Repeat the lines below exactly as written, please, from the line with "11. phase margin" to the line with "4. closed loop", both lines included, and no others.

§ DATA RECORDS:
= = = = = = =

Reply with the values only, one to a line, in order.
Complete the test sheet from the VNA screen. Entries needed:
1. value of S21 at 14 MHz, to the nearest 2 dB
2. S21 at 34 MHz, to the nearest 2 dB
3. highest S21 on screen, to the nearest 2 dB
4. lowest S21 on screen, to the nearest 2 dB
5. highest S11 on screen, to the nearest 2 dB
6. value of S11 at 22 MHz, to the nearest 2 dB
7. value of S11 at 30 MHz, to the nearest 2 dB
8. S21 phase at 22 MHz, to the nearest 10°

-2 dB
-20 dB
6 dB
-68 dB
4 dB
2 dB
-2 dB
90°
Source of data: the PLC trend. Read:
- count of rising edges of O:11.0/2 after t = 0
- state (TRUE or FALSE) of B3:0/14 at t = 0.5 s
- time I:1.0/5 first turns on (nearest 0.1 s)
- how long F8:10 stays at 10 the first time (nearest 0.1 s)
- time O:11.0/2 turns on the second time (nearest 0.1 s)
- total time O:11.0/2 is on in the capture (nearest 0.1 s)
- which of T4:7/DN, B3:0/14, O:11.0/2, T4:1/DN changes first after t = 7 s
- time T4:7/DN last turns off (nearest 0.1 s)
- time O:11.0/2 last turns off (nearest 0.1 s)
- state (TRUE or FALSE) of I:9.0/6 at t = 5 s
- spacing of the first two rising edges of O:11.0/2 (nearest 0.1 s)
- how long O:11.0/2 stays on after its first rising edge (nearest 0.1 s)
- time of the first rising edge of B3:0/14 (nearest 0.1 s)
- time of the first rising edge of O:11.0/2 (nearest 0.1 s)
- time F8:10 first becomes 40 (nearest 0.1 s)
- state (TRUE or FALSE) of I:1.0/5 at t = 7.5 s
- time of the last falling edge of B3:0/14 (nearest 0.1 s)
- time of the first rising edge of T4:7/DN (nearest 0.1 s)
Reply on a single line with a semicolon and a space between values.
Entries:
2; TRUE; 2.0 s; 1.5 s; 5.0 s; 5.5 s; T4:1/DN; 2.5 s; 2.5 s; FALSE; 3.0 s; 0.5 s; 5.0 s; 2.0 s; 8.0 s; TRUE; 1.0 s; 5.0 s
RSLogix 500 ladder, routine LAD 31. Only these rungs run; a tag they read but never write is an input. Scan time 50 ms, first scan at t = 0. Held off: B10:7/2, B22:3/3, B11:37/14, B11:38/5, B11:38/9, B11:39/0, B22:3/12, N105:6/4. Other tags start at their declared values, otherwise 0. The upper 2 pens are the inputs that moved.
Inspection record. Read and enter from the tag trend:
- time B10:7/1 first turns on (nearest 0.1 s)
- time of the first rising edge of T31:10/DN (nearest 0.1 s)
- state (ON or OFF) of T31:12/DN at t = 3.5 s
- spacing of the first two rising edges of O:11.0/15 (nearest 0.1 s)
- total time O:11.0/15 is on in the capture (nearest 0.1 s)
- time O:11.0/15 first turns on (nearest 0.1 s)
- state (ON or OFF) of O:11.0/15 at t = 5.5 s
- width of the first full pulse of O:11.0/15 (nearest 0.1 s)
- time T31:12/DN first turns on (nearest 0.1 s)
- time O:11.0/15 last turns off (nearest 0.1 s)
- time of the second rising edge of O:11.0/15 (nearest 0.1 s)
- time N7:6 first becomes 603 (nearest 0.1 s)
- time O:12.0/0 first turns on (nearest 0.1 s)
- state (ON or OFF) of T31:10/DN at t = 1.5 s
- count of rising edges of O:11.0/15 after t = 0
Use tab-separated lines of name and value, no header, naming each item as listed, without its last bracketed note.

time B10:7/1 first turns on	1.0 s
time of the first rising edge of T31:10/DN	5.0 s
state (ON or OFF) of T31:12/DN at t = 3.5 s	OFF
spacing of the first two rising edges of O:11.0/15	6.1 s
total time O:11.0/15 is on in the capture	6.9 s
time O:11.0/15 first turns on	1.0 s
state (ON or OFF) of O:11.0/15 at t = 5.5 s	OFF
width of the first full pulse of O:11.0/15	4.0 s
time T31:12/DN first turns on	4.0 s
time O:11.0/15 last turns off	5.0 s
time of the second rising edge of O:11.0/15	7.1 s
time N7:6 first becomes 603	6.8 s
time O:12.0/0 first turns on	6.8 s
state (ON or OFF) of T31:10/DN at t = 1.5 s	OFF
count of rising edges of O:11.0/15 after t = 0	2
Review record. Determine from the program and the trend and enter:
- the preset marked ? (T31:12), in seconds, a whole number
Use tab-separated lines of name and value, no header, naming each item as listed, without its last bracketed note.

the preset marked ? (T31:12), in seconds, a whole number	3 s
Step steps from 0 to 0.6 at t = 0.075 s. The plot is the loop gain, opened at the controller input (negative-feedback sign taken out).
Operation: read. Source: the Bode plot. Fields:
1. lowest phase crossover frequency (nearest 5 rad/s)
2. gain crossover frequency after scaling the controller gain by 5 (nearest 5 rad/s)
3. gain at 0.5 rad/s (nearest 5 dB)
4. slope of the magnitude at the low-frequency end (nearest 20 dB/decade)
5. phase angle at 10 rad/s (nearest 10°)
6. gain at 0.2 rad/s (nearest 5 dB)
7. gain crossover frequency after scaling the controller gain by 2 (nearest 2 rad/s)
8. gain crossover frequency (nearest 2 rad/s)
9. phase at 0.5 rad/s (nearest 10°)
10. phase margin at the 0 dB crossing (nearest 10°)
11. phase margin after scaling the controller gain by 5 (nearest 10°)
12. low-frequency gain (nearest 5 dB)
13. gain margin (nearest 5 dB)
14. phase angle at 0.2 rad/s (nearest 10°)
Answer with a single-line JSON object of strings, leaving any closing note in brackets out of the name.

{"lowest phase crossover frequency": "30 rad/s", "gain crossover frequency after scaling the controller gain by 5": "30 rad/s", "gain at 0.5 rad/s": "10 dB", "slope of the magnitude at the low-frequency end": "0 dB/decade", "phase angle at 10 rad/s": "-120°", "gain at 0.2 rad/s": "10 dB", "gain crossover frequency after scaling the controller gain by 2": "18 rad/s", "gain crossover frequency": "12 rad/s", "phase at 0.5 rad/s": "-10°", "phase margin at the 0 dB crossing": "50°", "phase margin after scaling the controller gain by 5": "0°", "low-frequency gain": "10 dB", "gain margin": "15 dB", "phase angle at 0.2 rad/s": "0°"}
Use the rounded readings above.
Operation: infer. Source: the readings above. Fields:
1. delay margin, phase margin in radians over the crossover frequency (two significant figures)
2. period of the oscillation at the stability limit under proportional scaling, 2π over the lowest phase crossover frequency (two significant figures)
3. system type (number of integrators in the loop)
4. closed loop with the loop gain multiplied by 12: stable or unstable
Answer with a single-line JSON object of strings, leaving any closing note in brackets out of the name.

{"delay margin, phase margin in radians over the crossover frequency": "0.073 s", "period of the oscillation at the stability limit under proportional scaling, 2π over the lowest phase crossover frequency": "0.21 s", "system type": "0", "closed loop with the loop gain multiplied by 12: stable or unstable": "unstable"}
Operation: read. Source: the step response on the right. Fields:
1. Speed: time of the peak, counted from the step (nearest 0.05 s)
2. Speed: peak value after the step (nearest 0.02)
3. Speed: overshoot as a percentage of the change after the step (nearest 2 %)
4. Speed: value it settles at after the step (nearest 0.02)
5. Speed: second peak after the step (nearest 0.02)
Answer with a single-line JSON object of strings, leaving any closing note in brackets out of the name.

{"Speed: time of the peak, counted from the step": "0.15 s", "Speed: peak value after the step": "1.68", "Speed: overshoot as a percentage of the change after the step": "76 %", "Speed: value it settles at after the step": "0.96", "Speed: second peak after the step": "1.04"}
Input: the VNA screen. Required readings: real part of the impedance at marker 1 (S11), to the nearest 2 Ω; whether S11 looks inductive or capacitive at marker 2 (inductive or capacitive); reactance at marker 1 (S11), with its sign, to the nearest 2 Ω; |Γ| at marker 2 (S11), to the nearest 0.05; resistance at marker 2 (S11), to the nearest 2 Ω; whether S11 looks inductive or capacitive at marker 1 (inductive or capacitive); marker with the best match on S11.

= = = = = = =

§ RESULT:
11. phase margin after scaling the controller gain by 5 (nearest 10°)
12. low-frequency gain (nearest 5 dB)
13. gain margin (nearest 5 dB)
14. phase angle at 0.2 rad/s (nearest 10°)
Answer with a single-line JSON object of strings, leaving any closing note in brackets out of the name.

{"lowest phase crossover frequency": "30 rad/s", "gain crossover frequency after scaling the controller gain by 5": "30 rad/s", "gain at 0.5 rad/s": "10 dB", "slope of the magnitude at the low-frequency end": "0 dB/decade", "phase angle at 10 rad/s": "-120°", "gain at 0.2 rad/s": "10 dB", "gain crossover frequency after scaling the controller gain by 2": "18 rad/s", "gain crossover frequency": "12 rad/s", "phase at 0.5 rad/s": "-10°", "phase margin at the 0 dB crossing": "50°", "phase margin after scaling the controller gain by 5": "0°", "low-frequency gain": "10 dB", "gain margin": "15 dB", "phase angle at 0.2 rad/s": "0°"}
Use the rounded readings above.
Operation: infer. Source: the readings above. Fields:
1. delay margin, phase margin in radians over the crossover frequency (two significant figures)
2. period of the oscillation at the stability limit under proportional scaling, 2π over the lowest phase crossover frequency (two significant figures)
3. system type (number of integrators in the loop)
4. closed loop with the loop gain multiplied by 12: stable or unstable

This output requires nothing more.